<<<<

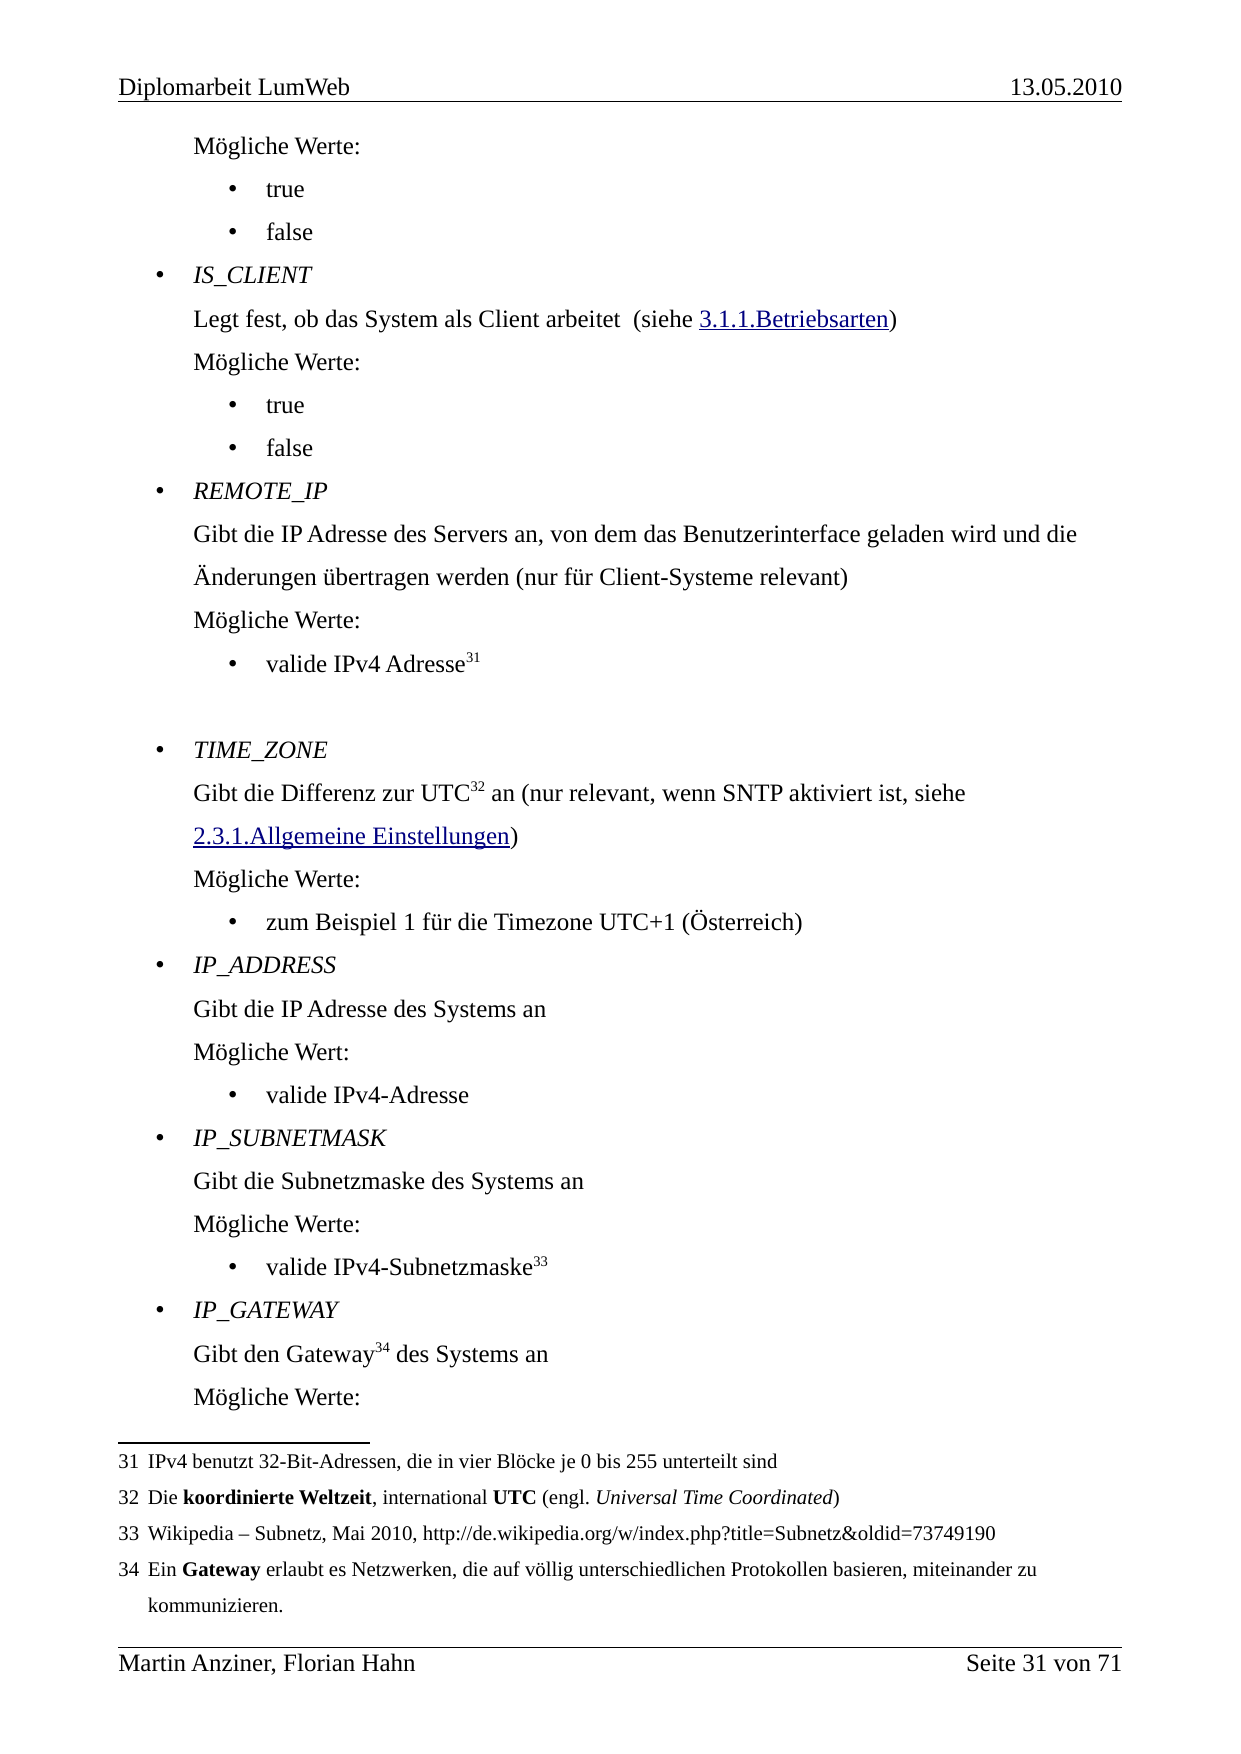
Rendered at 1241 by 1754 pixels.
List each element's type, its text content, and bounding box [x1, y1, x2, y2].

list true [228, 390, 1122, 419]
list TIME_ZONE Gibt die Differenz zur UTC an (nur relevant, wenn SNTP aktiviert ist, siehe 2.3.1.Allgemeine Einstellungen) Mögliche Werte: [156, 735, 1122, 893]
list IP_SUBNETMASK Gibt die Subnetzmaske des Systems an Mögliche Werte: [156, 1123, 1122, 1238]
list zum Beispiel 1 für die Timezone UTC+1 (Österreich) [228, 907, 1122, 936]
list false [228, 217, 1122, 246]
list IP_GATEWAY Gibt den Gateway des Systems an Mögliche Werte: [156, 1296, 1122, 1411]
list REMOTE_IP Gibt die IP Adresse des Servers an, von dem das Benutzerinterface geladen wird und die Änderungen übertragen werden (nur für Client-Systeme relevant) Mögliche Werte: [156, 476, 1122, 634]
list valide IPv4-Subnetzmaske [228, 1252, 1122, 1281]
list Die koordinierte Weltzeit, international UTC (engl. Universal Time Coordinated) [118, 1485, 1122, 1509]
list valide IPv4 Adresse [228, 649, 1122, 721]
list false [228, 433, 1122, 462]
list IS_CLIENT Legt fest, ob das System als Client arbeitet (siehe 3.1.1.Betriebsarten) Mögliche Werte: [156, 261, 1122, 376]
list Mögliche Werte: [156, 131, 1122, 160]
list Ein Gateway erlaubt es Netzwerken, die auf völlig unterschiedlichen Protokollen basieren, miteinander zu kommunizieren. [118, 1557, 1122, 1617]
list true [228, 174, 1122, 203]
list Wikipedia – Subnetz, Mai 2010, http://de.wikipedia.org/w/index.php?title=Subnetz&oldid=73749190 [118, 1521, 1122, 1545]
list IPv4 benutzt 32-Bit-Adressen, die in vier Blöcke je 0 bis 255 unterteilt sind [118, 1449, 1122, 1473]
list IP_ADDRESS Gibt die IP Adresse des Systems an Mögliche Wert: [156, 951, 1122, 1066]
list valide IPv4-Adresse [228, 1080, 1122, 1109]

>>>>
<<<<

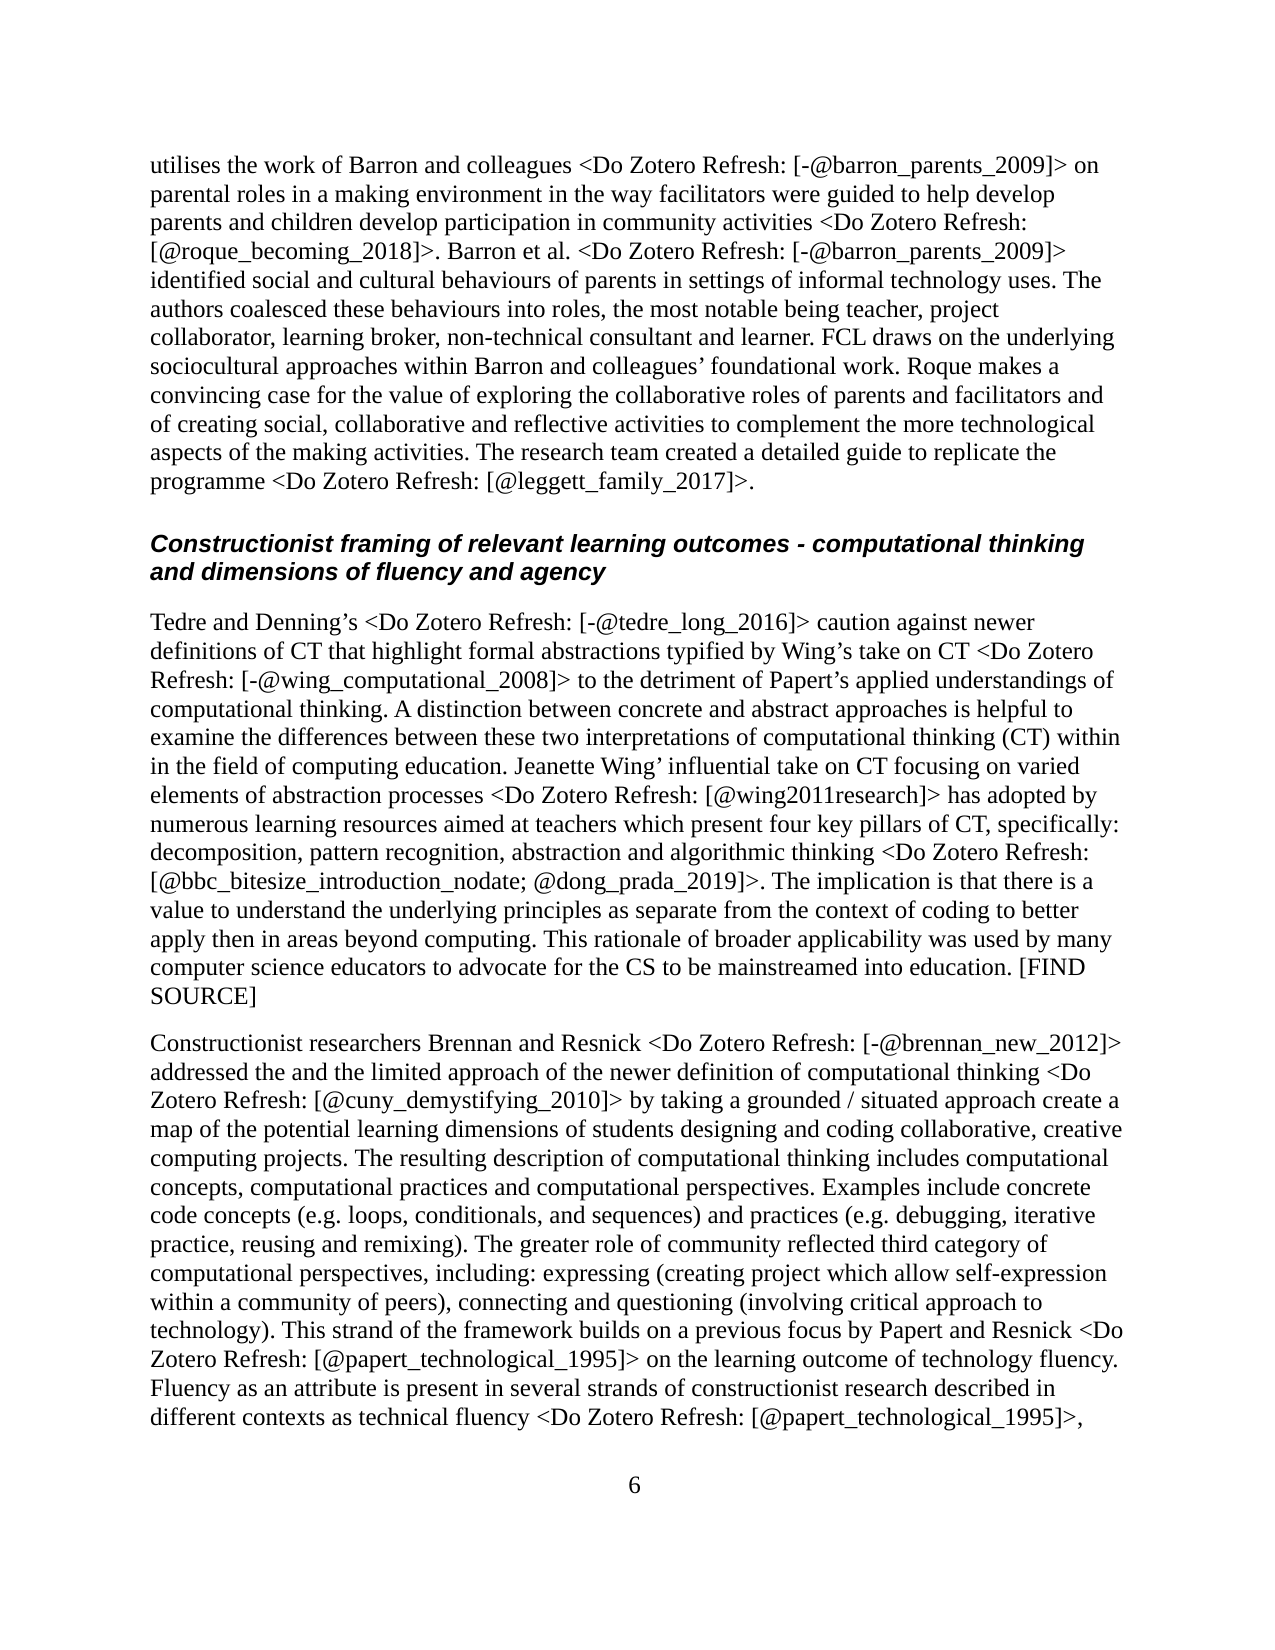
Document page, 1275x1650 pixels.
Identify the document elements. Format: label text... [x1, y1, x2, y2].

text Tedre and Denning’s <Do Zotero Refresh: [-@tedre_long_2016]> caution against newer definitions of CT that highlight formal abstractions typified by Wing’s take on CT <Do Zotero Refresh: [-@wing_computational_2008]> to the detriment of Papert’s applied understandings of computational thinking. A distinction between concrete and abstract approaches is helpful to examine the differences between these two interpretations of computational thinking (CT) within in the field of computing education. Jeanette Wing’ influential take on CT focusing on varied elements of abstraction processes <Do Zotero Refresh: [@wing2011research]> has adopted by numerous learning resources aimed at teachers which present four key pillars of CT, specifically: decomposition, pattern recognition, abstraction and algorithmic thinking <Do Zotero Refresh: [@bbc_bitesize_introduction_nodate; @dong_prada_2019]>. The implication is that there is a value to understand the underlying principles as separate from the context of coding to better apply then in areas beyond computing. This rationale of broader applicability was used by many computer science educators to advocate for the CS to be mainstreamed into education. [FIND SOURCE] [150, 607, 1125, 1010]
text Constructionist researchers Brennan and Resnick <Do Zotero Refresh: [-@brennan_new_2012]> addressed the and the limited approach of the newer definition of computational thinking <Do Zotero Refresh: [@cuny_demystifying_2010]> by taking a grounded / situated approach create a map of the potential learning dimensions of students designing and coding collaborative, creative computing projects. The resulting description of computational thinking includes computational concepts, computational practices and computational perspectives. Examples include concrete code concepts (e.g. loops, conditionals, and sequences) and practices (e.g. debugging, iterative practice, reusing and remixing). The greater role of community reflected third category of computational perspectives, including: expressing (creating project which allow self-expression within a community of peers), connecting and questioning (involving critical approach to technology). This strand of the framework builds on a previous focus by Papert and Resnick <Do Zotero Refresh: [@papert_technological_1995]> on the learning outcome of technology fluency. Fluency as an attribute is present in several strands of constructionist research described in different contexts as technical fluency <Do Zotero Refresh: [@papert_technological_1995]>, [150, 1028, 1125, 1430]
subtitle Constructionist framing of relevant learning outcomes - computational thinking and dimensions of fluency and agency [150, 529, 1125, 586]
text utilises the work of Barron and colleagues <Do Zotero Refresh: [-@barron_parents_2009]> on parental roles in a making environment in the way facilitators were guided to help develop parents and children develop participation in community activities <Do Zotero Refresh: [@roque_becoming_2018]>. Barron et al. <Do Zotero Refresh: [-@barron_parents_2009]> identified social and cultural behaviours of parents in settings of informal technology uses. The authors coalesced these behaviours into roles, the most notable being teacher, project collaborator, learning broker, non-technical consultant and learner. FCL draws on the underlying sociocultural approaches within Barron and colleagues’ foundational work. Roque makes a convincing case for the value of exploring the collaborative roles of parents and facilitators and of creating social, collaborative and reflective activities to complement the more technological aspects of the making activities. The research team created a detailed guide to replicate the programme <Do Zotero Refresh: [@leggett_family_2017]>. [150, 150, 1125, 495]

>>>>

Only a number is expected here: the count of lines in the listing that hold the string "pixels".

2